L’éditeur anglo-saxon de la nouvelle version du texte hébreu originel, la Jewish Publication Society, entend rompre avec la tradition du judaïsme.
Dieu pouvait-il échapper à la théorie du genre? C’est par une version de la Bible «plus précise linguistiquement et historiquement, reflétant les avancées du savoir et les changements de la langue anglaise», que la plateforme Sefaria, bibliothèque en ligne de textes religieux juifs, apporte sa réponse. Elle y propose, parmi d’autres, une version non genrée du texte sacré du judaïsme et du christianisme.
Dans ce texte publié en anglais, le pronom masculin employé pour faire référence à Dieu est systématiquement remplacé par le nom propre «Dieu». On peut ainsi lire, dans le livre d’Isaïe: «Cherchez Dieu tant que vous pouvez, invoquez Dieu tant qu’il est proche» alors qu’une version en français propose la traduction suivante: «Cherchez le Seigneur tant qu’il se laisse trouver ; invoquez-le tant qu’il est proche.»
Une petite tempête dans le monde juif
Cette nouvelle version du texte hébreu originel a été réalisée par la Jewish Publication Society, une maison d’édition basée à Philadelphie, aux États-Unis et qui, depuis 1888, propose des traductions anglaises des textes juifs. Contacté par Le Figaro, son directeur, Elias Sacks, explique: «Notre mission est de présenter à un large public le meilleur du savoir juif dans la rigueur intellectuelle.» Commentaires, anthologies, philosophie et littérature: le domaine couvert par la Jewish Publication Society est large, mais c’est surtout sa version de la Bible, traduite en 1985, qui faisait jusqu’à présent autorité. Or c’est de cette version qu’elle propose une nouvelle traduction.

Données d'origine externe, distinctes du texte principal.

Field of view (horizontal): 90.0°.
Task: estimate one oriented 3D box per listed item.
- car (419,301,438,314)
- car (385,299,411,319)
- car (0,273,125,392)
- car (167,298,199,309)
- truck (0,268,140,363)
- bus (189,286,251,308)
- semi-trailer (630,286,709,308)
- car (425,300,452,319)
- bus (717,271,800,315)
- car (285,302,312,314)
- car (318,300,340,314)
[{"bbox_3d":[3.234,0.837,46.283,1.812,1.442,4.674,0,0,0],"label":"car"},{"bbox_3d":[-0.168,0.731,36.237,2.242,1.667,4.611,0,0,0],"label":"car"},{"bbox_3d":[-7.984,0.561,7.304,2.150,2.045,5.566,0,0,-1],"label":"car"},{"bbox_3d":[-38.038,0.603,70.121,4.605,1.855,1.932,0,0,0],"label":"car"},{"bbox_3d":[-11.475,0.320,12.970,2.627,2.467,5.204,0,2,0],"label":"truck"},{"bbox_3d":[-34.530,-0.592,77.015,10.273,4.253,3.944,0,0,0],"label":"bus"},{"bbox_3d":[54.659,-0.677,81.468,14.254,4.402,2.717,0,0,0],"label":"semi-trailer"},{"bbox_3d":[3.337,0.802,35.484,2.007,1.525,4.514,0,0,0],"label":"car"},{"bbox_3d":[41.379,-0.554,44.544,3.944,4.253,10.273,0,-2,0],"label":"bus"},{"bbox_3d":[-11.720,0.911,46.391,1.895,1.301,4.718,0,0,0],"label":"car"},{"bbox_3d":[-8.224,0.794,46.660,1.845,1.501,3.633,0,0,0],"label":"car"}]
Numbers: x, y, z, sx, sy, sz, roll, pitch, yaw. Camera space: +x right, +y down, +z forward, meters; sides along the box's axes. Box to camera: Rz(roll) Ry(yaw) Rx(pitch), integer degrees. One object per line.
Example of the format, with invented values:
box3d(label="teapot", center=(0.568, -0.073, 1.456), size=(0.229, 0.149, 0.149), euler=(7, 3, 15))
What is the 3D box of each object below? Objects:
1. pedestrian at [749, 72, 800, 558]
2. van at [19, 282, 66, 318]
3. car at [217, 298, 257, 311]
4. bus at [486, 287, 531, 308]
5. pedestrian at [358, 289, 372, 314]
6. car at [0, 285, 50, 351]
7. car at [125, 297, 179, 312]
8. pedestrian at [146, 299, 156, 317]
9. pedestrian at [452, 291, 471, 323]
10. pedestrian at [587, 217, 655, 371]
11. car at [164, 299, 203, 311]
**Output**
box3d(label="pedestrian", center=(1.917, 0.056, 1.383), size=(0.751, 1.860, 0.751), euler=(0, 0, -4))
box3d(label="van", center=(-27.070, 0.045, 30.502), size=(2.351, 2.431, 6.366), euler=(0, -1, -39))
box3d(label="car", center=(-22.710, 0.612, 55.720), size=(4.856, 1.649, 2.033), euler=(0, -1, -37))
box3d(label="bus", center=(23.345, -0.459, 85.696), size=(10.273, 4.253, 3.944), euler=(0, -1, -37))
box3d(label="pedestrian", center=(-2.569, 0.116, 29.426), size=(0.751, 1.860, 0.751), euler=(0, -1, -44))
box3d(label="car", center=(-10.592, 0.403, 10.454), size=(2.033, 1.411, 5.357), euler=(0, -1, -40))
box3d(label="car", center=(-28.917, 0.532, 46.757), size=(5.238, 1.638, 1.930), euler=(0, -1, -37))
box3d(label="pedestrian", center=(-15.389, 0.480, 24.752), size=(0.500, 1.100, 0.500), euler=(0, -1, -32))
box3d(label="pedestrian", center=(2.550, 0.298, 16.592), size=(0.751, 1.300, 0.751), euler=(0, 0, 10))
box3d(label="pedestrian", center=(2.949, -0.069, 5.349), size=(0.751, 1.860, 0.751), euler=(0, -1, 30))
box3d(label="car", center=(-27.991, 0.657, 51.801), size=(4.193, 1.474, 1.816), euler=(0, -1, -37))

Cette initiative a provoqué une petite tempête dans le monde juif, où des religieux ont annoncé renoncer à la plateforme internet dont ils avaient jusqu’à présent un usage quotidien. C’est ainsi, comme le relève le site d’information Times of Israël, le directeur d’un journal ultra-orthodoxe qui tweete: «Sefaria est une formidable ressource pour la Torah. Faire n’importe quoi avec les textes sacrés pour se conformer aux idées occidentales d’égalité est une faute inacceptable.»
Une justification qui laisse sceptique
Pourquoi un tel choix? «Nos traductions, reprend Elias Sacks, aident des lecteurs et des communautés de toutes tendances à rencontrer l’Écriture telle qu’elle était comprise autrefois. C’est la mission qui nous a conduits à publier cette nouvelle version. Quand d’anciennes traductions désignaient Dieu par “Lui ” ou “ Seigneur”, elles ne signifiaient pas nécessairement que Dieu est un homme. Or, en raison des changements de l’anglais, un tel langage heurte désormais beaucoup de lecteurs et de communautés précisément parce qu’il suggère cette masculinité de Dieu. Pour prendre en compte ces évolutions, notre traduction va, phrase après phrase, déterminer les moments où la traduction anglaise doit employer un langage non genré.»
À l’École biblique et archéologique de Jérusalem, cette justification laisse sceptique. Selon Olivier Catel, religieux dominicain et étudiant en tradition juive à l’université hébraïque, c’est même une erreur. «Cela part d’un bon sentiment, mais c’est symptomatique d’une époque et doublement faux, estime-t-il. D’abord parce que le texte hébreu ne laisse aucun doute: il utilise à plusieurs reprises le pronom masculin pour désigner Dieu. On peut arguer que le texte a été écrit à une époque où la société était patriarcale et où Dieu ne pouvait qu’être perçu comme un homme. Mais le fait que Dieu soit désigné au masculin dans la Bible oblige les traducteurs: il y a un devoir de fidélité au texte canonique, c’est-à-dire reconnu par une communauté de croyants comme parole révélée. Par ailleurs, comment traduire le Avinou Malkenou, une grande prière dont le titre peut être traduit par «Notre père, notre roi»? Dans cette logique, c’est intraduisible.» Il y voit une rupture de la tradition, valeur fondamentale du judaïsme.